The doctor’s unease escalates when people in his hospital and news reports repeatedly talk of unsolved serial murders in the area that seems to have resumed after a long period. One day, the old man from the butcher shop has an appointment with the doctor. Under the clutches of the anesthetic, the old man whispers about scattering human parts across the river and other dumping sites; “Fingerprints? If you’re worried, cut off the fingers…” the old man offhandedly remarks as if he’s been doing this for decades. The paranoia that grips the doctor after this drugged confession provokes him to put the pieces of puzzle together and get to the bottom of the truth. Consequently, a mysterious retired cop (Young-chang Song) starts surveilling the doctor. Seung-hoon drinks with the old man’s son and in drunken stupor he slips into the shop’s freezer and finds an important evidence to support his claims: a human head packed inside a black, plastic bag. Soon, the narrative spirals off in different directions and the conflict between butcher and the doctor seems to get more personal. It all culminates with the predictable first layer of twists, over-explained with flashbacks. Later, we witness the purposefully convoluted and kitschy second layer of twists which totally robs the narrative off psychological profundity.

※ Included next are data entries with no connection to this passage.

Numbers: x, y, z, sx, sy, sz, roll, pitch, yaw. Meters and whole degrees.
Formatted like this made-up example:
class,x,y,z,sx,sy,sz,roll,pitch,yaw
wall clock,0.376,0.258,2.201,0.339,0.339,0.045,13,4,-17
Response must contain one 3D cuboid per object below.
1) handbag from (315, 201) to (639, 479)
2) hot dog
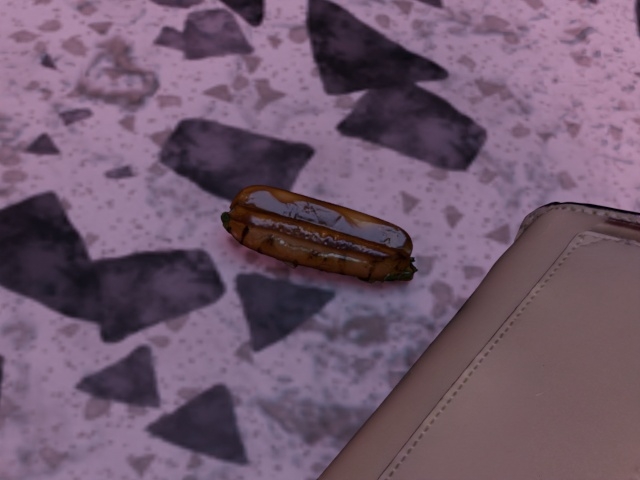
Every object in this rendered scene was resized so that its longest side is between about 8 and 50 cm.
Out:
class,x,y,z,sx,sy,sz,roll,pitch,yaw
handbag,0.117,0.147,0.784,0.236,0.160,0.358,23,46,25
hot dog,0.000,0.000,0.968,0.122,0.037,0.049,18,43,-2

Director Soo-youn Lee abruptly cuts the scene, employs fade out and the diabolically framed scenes are often revealed to be the protagonist’s vivid nightmares. The nightmare episodes increasingly used to insist upon the blurring of boundaries between reality and imagination for Seung-hoon. The repetition of ‘it’s all a dream’ reveals, after a time gradually lessens our interest in the narrative (cheating the viewers too much). All the earlier disjointed cuts and nightmare episodes easily make us to guess Seung-hoon to be the text-book definition of unreliable narrator or beholder. Although the director unnecessarily prolongs these earlier scenes, adding more and more subplots, there are some memorable and deeply unsettling visual flourishes (for example the surrealistic scene where the butchers sharpen their knives as a naked headless body hangs from the hook). The other interesting aspect, from visual standpoint, is Soo-youn’s observation of these freshly popped-up cities. It’s as if she is representing such urban sprawls as the hideous facet of a society (of course, a great no. of outstanding serial-killer films has deftly associated industrialization and rampant expansion of urban spaces with serial killing). Nevertheless, the unconvincing and ill-advised point-of-view shifts in the last half of the film basically undo certain intriguing narrative threads. These insanely prolonged flashbacks and ‘story’s not yet over’ twists suffer from severe lapses in logic and pacing issues. In the end, the film becomes a mess rather than being a puzzle. 

Trailer

 

Even though Bluebeard (118 minutes) isn’t a path-breaking Korean thriller, it’s good for half of its running time, exuding a palpably menacing mood. And, those who love thrillers wrapped inside insane amount of twists (no matter how absurd it is) may find it alluring.